LeDonne nodded. “Besides, he’s too old. We’re looking for someone under thirty-five. This kind of violence is a young man’s sickness.”
“I think I’ll drop by the high school tomorrow,” said Martha. “See if anybody wants to talk about the murders.”
Fate Harkryder was thinking about death.
It seemed strange to know that you were going to die when you felt perfectly sound. When he came to consider the matter, it seemed not so much strange as… improbable. Ridiculous to believe that after twenty-odd years of sedentary monotony, the very people who had wished him good morning and to whom he had passed the occasional remark about a basketball game or a change in the weather would come for him, strap him into a plain wooden chair, and kill him.

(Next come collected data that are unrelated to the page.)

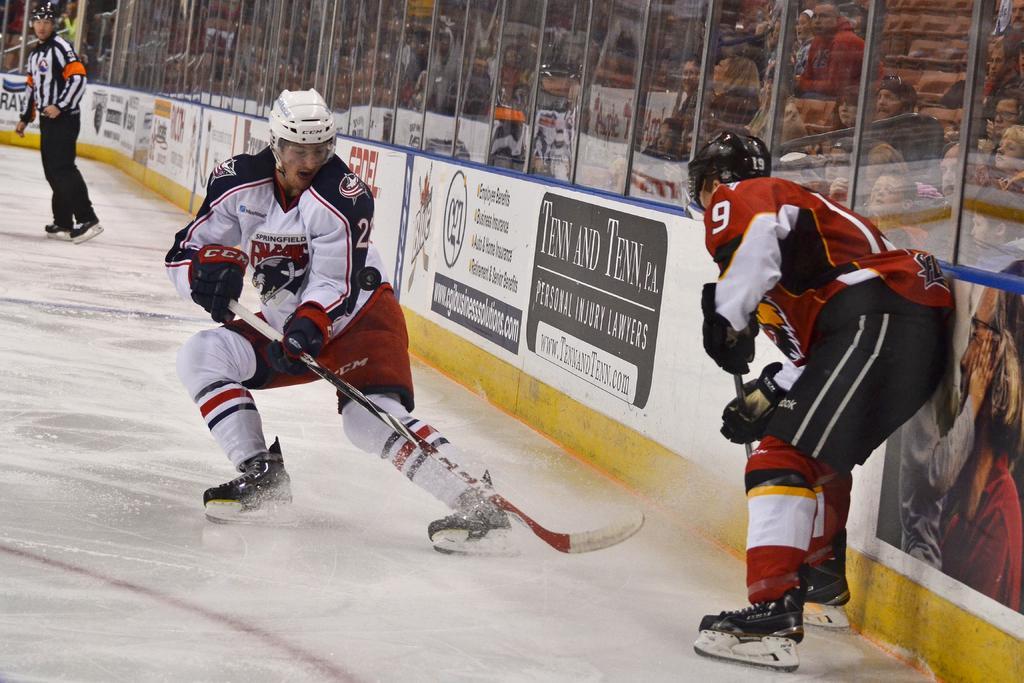Please provide a concise description of this image. In this picture we can see a person wearing a helmet and holding an ice hockey stick. We can see the text, images of people and a few things on the posters. There is a person holding an object. We can see a man wearing a helmet and ice skates visible on the floor. We can see glass objects. Through these glass objects, we can see some people sitting on the chairs and other objects. 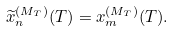Convert formula to latex. <formula><loc_0><loc_0><loc_500><loc_500>\widetilde { x } _ { n } ^ { ( M _ { T } ) } ( T ) = x _ { m } ^ { ( M _ { T } ) } ( T ) .</formula> 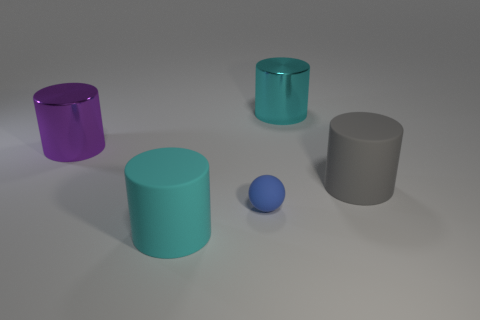How many cyan cylinders must be subtracted to get 1 cyan cylinders? 1 Subtract all purple metallic cylinders. How many cylinders are left? 3 Add 2 matte balls. How many objects exist? 7 Subtract all balls. How many objects are left? 4 Subtract all purple cylinders. How many cylinders are left? 3 Subtract all small metallic cylinders. Subtract all big gray matte cylinders. How many objects are left? 4 Add 3 small rubber spheres. How many small rubber spheres are left? 4 Add 3 small green rubber things. How many small green rubber things exist? 3 Subtract 0 yellow blocks. How many objects are left? 5 Subtract 2 cylinders. How many cylinders are left? 2 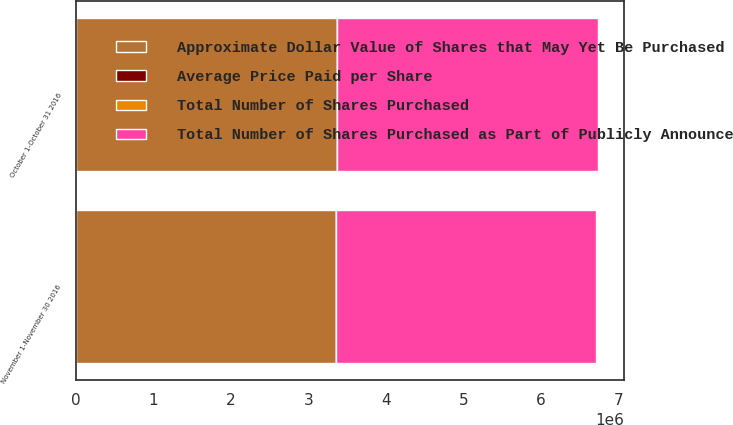Convert chart to OTSL. <chart><loc_0><loc_0><loc_500><loc_500><stacked_bar_chart><ecel><fcel>October 1-October 31 2016<fcel>November 1-November 30 2016<nl><fcel>Total Number of Shares Purchased as Part of Publicly Announced Plans or Programs 1<fcel>3.36702e+06<fcel>3.35163e+06<nl><fcel>Average Price Paid per Share<fcel>63.07<fcel>60.85<nl><fcel>Approximate Dollar Value of Shares that May Yet Be Purchased Under the Plans or Programs in millions<fcel>3.36702e+06<fcel>3.35163e+06<nl><fcel>Total Number of Shares Purchased<fcel>881<fcel>677.1<nl></chart>

Strange to think that the ridge he had watched day in and day out for so many years would go on changing from green to gold with the seasons without his presence as the observer. He liked to think that the ridge was there on his account, and he found it hard to believe that his death would go unheeded by his ridge.
Of course, he knew that deep down he didn’t believe in death at all. Not for himself, that is, and certainly not by execution in the state of Tennessee. He was still young and strong. He did push-ups every day for exercise, and despite a twenty-year pack-a-day smoking habit, his lungs and his blood pressure were fine. He trusted his body to keep him around for many more years, and he trusted the Tennessee legal system to spin its wheels for at least that long before they got around to trying to execute him. By then, maybe the voters would abolish the death penalty altogether, and someday, when his crime was so far in the past that nobody cared anymore, he would be granted parole. He intended to be hale and hearty enough to enjoy that freedom when the time came.
Even with lawyers who were mediocre at best, Fate Harkryder had been able to stave off the death penalty for twenty years already. It wasn’t difficult. There was always some objection that could be made in the appeal process, and any little quibble could tie the court up for a year or more, so slowly did the mills of justice grind. His lawyers had argued that his original counsel hadn’t been any good. That fellow was now quite a prominent attorney in Knoxville, but no one seemed to notice the discrepancy, and Fate figured that it was just one of the moves in the game: a formality. Anyhow, it bought him more time. When that objection played itself out a few years down the line, his legal advisers objected to the expert witnesses who had testified at his trial. They had now spent years nitpicking through a stack of transcripts and documents that would fill a pickup truck, but each legal dispute ate up a few more months: filing time, waiting time, court time, awaiting-the-decision time, appealing the decision, and then back to square one to begin again.
Fate sometimes thought that the delaying tactics would go on even if he dropped dead in his cell, so impersonal and relentless was the process. He was not the quarterback in this legal scrimmage; he was the football. It had been years now since anybody had mentioned the names Mike Wilson or Emily Stanton to him. The paperwork just rolled on, oblivious to real time and real people. Sometimes it seemed that the judicial process had taken on a life of its own, independent of any actual, long-ago crime.